A note from The field of medicine is constantly evolving. As a result, parts of this article may be outdated. Please keep this in mind, and be sure to visit other parts of our site for more recent information!

  • Once-Daily Atazanavir Plus Saquinavir Favorably Affects Total Cholesterol (TC) and Fasting Triglyceride (TG) Profiles in Patients Failing Prior PI Therapy (Trial AI424-009, Week 24)
    Abstract LB-16
    Authored by D. Haas (Vanderbilt Univ., Nashville, TN), C. Zala (Fundacion Huesped, Buenos Aires, Argentina), S. Schrader (HCRN/Montrose Clin., Houston, TX), A. Thiry (Bristol-Myers Squibb Co., Wallingford, CT), R. McGovern (Bristol-Myers Squibb Co., Wallingford, CT), S. Schnittman (Bristol-Myers Squibb Co., Wallingford, CT)
    View the original abstract

Atazanavir (BMS-232632) is an investigational protease inhibitor (PI) in Phase III trials. It is given once daily (two capsules), does not appear to increase lipids and in vitro data indicate that it has a unique resistance profile.

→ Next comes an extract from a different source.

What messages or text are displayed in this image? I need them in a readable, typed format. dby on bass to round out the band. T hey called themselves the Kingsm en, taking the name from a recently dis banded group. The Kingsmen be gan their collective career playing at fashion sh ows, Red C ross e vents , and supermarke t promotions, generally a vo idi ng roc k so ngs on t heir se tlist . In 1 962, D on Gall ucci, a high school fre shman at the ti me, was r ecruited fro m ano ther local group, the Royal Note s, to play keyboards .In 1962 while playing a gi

Clinicians who care for HIV-infected patients are aware that the salvage of protease inhibitor failure can be difficult due to cross resistance. In a study presented at the 41st ICAAC, the combination of atazanavir and saquinavir -- protease inhibitors that appear to have complementary resistance profiles and favorable pharmacokinetic interactions -- was evaluated in patients failing antiretroviral therapy. The study was a randomized, blind study that enrolled 84 adults with a median baseline viral load of 4.13-4.5 copies/mL and CD4+ T-cell count of 290-332 cells/mm3.

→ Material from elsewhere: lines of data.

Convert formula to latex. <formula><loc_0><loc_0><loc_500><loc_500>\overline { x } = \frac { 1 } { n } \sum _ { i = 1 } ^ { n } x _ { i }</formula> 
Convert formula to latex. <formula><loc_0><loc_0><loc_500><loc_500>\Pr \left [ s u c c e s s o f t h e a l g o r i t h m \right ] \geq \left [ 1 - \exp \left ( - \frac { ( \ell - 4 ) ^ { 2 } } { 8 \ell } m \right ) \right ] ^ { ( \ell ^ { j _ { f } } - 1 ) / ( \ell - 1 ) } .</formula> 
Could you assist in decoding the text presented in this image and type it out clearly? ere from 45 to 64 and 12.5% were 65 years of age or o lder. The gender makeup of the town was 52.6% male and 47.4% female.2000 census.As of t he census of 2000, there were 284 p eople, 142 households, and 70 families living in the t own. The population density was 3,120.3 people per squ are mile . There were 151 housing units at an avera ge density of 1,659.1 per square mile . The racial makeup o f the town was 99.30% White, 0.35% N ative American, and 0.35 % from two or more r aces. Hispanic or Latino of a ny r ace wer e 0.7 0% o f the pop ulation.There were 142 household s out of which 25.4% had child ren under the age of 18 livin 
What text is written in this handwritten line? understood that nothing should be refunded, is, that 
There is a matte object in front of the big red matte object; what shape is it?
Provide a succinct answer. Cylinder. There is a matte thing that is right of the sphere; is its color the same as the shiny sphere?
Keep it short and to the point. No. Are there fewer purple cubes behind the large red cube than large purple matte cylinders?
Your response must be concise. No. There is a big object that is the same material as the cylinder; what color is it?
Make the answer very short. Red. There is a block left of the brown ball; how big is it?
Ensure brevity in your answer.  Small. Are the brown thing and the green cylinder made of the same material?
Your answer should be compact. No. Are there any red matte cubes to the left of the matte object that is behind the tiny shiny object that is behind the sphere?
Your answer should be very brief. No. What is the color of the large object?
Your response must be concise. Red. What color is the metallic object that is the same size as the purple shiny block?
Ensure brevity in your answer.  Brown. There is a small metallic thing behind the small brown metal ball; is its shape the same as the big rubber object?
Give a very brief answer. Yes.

Therapy was with atazanavir (400 or 600mg daily) plus saquinavir (1,200mg daily) or ritonavir (400mg twice daily) plus saquinavir (400mg twice daily) plus two nucleoside reverse transcriptase inhibitors (NRTIs). This was given to patients after prior virologic failure on an antiretroviral regimen, the vast majority of which involved at least one protease inhibitor. In the three arms, seven patients (21 percent), seven patients (25 percent) and ten patients (43 percent), respectively, discontinued therapy. The observed data at 24 weeks of therapy are presented below:


Atazanavir/Saquinavir QDRitonavir/Saquinavir BID
400mg (n=34)600mg (n=28)400mg (n=23)
Mean change from baseline at week 24 HIV RNA (log10 copies/mL)
CD4 (cells/mm3)
Median baseline (mean % change from baseline at week 24)
TG (mg/dL)223 (-23)177 (-21)191 (+90)
TC (mg/dL)181 (-1)199 (-9)202 (+10)

The authors conclude, "In subjects failing a prior protease inhibitor regimen, atazanavir/saquinavir was safe and well tolerated and showed significant antiviral effect at week 24. Atazanavir/saquinavir lowered TC and TG levels from baseline, whereas ritonavir/saquinavir produced substantial increases."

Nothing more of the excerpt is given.